**Work task**
Write out the records in full, exactly as given, but without the images.

(Source data)
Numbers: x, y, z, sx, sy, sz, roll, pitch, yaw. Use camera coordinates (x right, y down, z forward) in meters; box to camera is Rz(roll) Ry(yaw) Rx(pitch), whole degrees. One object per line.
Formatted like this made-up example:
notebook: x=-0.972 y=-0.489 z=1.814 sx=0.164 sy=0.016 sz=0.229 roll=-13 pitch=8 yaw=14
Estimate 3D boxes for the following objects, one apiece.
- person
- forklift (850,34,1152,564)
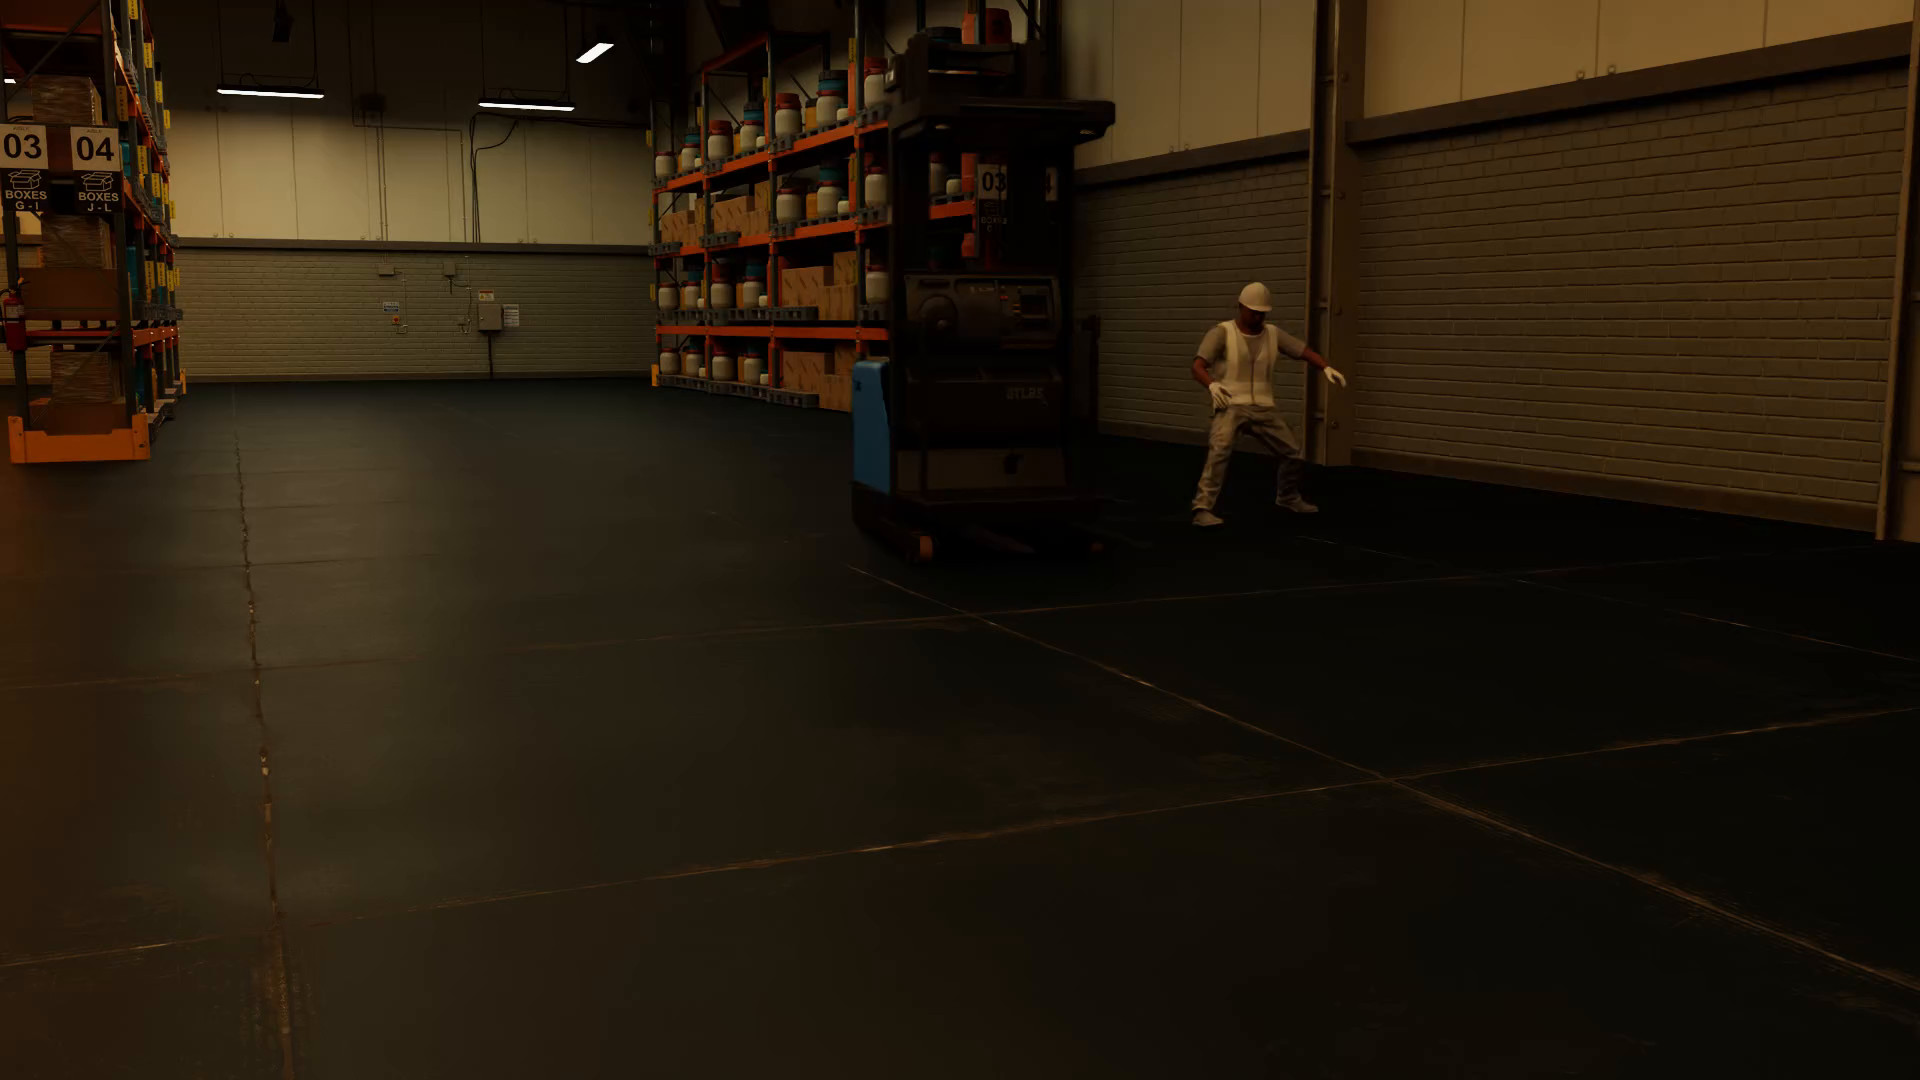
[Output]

**Answer section**
Numbers: x, y, z, sx, sy, sz, roll, pitch, yaw. Use camera coordinates (x right, y down, z forward) in meters; box to camera is Rz(roll) Ry(yaw) Rx(pitch), whole degrees. One object per line.
Formatted like this made-up example:
notebook: x=-0.972 y=-0.489 z=1.814 sx=0.164 sy=0.016 sz=0.229 roll=-13 pitch=8 yaw=14
Estimate 3D boxes for the following objects, one apiece.
- person
- forklift (850,34,1152,564)
[Output]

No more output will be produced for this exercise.